• **WHAT IS BEING ASKED**: All lines from the one that has "#define GB_DOT_TERMINAL(cij) \" onward to the end of the records below are to be returned exactly; pictures are to be skipped.

• **SOURCE RECORDS**:
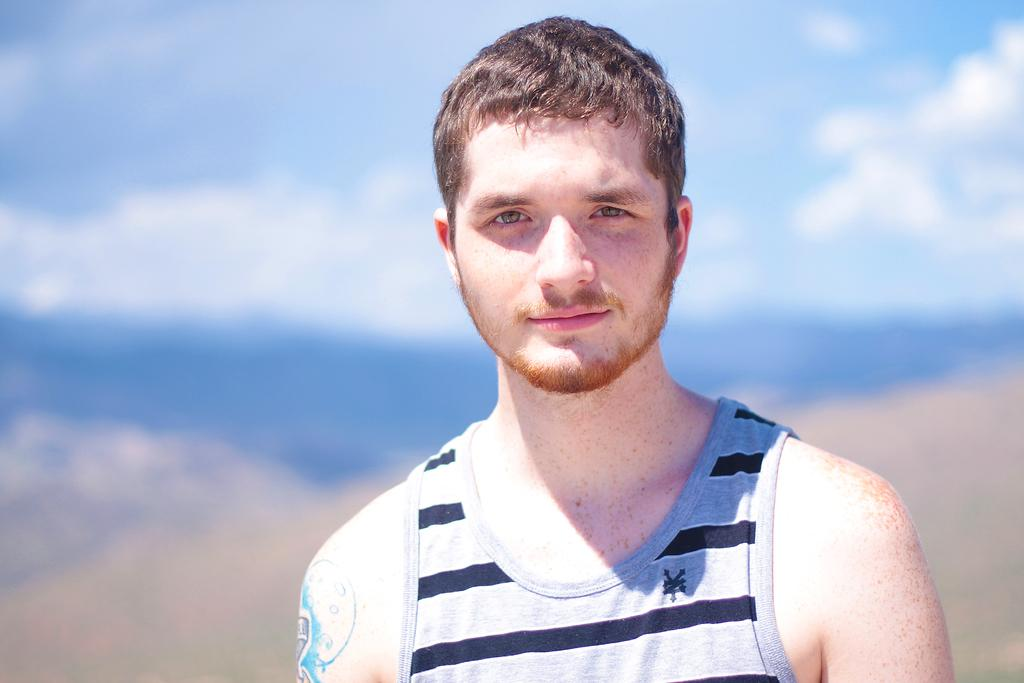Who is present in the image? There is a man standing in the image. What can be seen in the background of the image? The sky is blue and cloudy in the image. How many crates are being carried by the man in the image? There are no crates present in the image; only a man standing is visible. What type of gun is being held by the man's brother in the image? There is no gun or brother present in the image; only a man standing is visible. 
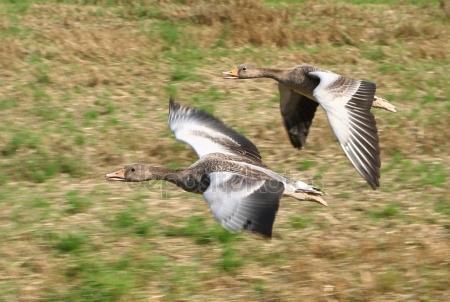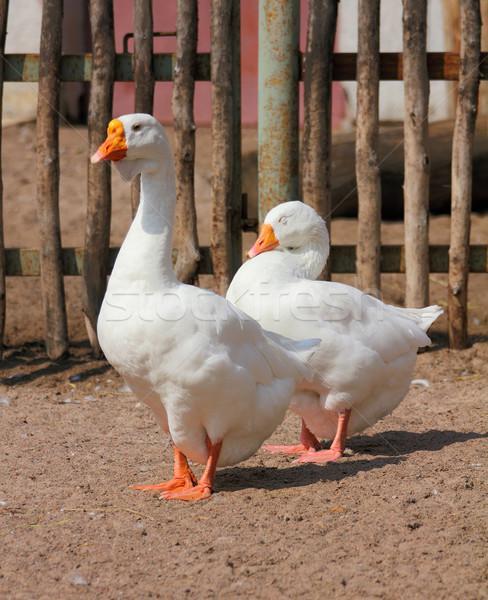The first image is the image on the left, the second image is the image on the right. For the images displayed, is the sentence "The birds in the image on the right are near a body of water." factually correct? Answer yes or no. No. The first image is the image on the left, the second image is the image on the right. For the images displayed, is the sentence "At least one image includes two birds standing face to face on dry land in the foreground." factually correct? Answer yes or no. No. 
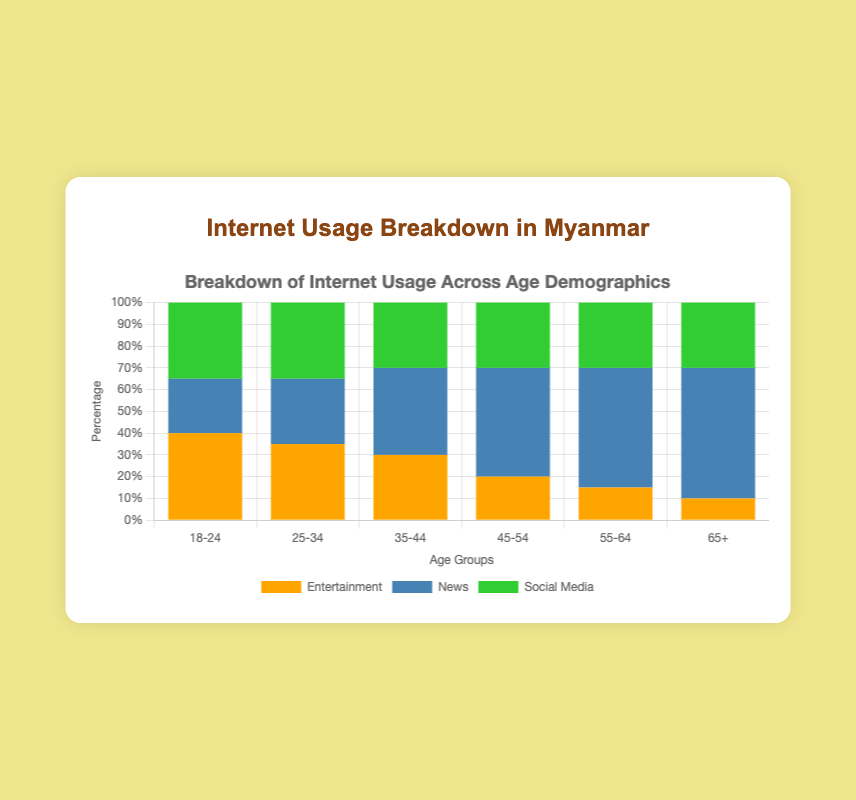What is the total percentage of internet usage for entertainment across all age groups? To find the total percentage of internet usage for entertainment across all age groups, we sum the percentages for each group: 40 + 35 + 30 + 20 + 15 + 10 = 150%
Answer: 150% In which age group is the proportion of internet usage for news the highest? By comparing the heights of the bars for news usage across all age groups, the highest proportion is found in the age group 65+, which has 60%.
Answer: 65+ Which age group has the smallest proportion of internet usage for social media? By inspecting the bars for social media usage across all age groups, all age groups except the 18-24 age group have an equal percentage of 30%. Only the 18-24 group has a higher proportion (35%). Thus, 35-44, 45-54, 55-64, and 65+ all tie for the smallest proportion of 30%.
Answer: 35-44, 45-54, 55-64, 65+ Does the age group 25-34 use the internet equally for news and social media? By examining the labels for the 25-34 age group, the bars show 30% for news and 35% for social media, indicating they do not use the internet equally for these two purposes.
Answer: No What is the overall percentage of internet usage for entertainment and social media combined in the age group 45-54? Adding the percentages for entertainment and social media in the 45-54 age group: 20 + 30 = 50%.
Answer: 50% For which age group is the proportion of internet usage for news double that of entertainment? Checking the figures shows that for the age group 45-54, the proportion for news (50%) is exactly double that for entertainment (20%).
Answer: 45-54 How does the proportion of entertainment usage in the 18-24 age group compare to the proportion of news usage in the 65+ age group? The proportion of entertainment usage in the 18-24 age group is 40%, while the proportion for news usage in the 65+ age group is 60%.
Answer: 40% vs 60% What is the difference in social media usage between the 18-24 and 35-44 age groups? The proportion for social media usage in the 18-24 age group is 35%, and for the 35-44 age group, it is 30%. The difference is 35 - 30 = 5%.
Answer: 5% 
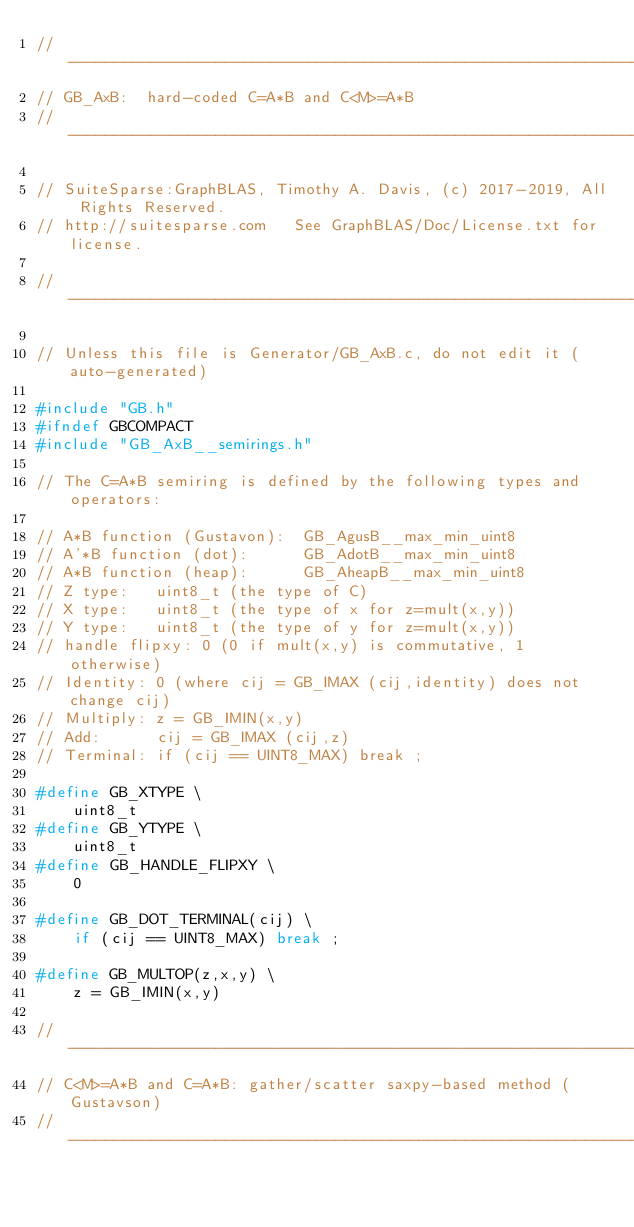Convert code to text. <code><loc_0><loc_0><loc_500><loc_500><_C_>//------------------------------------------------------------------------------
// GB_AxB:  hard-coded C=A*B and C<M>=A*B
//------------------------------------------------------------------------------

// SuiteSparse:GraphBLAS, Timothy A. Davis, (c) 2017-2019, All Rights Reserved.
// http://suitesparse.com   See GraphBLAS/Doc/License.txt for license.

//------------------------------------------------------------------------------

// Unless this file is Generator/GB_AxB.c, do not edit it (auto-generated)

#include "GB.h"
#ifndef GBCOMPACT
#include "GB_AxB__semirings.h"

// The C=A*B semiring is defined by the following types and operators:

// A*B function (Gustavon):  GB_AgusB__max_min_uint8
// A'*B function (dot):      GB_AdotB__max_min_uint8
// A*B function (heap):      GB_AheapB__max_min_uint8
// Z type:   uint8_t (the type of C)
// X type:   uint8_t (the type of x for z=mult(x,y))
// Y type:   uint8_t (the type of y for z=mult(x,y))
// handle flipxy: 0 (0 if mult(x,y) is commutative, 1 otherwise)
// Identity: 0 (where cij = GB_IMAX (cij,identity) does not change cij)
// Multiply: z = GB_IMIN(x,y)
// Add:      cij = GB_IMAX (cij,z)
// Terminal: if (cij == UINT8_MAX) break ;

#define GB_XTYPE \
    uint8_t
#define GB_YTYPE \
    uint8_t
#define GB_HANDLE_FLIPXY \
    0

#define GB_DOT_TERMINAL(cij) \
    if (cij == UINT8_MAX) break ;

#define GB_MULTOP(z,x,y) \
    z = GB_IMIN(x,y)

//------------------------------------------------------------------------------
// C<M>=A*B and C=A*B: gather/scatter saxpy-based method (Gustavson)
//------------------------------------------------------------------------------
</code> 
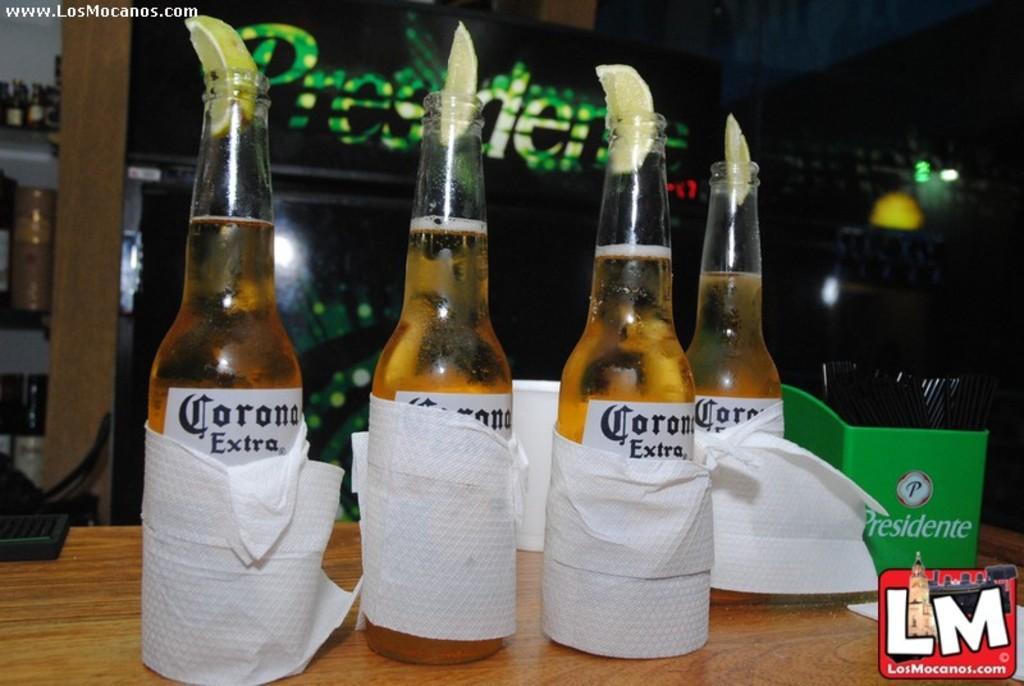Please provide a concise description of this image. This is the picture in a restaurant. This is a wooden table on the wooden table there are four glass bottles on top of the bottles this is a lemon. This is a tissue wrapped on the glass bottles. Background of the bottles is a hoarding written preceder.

• **ANSWER TO THIS PROBLEM**:
#define GB_DOT_TERMINAL(cij) \
    if (cij == UINT8_MAX) break ;

#define GB_MULTOP(z,x,y) \
    z = GB_IMIN(x,y)

//------------------------------------------------------------------------------
// C<M>=A*B and C=A*B: gather/scatter saxpy-based method (Gustavson)
//------------------------------------------------------------------------------
</code> 
Please provide a concise description of this image. This is the picture in a restaurant. This is a wooden table on the wooden table there are four glass bottles on top of the bottles this is a lemon. This is a tissue wrapped on the glass bottles. Background of the bottles is a hoarding written preceder.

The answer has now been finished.